So, instead of linear probing or chains to handle collisions, why not always handle any collision by adding a bucket at the end and rehashing the bucket pointed to by S? Then try inserting again, if there's a collision, add a bucket, and so on?
I'm not sure if I understand your question correctly.
If you ask why not to rehash only bucket with collision: lookup needs some deterministic order of buckets to find items later on. If you keep adding buckets randomly, you'll need to keep some mapping to find them later on. With naive implementation this mapping will grow to be as big as the hash table itself. Non naive implementation will lead to virtual/extendible hashing.
If you ask why not to rehash everything up to the bucket with collision: that's really much more elaborate way of doubling the whole table in one go, which is the problem you want to solve. On first collision on average you will need to rehash half of elements in the table. On collision in already split bucket you'll have to first finish rehashing all remaining elements and then start another rehash go up to collision bucket. So in long run it's just doubling on collision.
Otherwise, you need some other metric to determine when you need to add a bucket (how long is the list in this bucket, or how many failed linear probings steps did I execute?)
Typical choices are:
1. Count the number of inserted items. You know what number of elements you can store, so every time you go past expected load, add a bucket.
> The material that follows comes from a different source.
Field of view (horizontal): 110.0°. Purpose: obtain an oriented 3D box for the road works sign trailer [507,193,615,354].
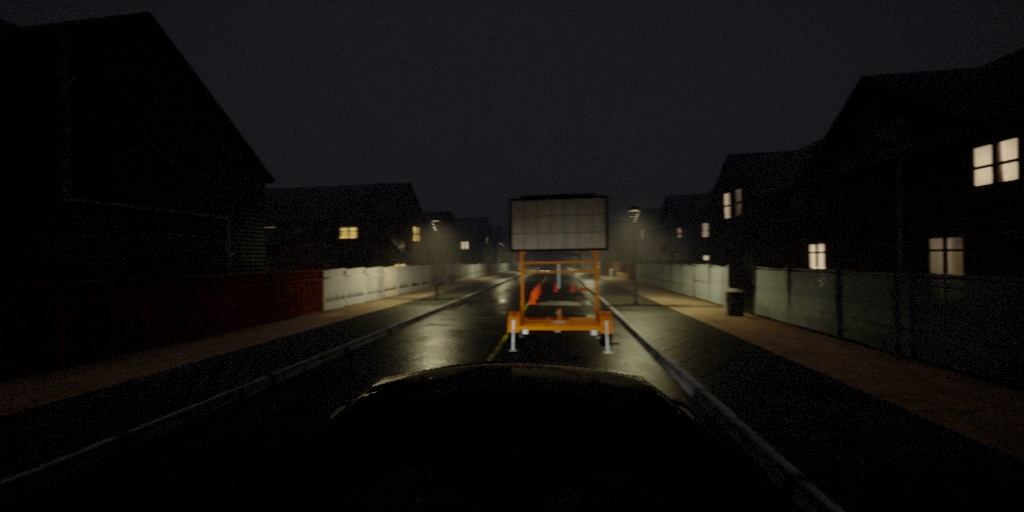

2. Add a bucket every Nth insert. If your bucket holds 16 elements and you want 50% load, just add new bucket every 8 inserts. That's pretty much equivalent to point 1, but you need to start with one bucket and do something sane on restarts.
3. Add a bucket every time some bucket overflows.
Seems like a collision is a good enough signal that a new bucket is needed, and the new bucket operation is cheap enough that we don't need to do it sparingly (it's not like we're doubling the table at the first sign of a collision, we're just adding one new bucket).
Yes, that's one of the approaches. It will stablize on some load, that will depend mainly on how many items you have per bucket. Drawback is that you cannot control load, so you may not like the performace. Eg. it still will be O(1), but you may need on average 8 reads per lookup/insert with high variation on occasional long chains.
HOWEVER, I also did spend some time today looking around for simple, single C-file databases, just to see how they were doing things. Besides KISSDB, there's really nothing else out there, especially not something with a permissive license. Most of the other options are bloated, heavy-weight libraries.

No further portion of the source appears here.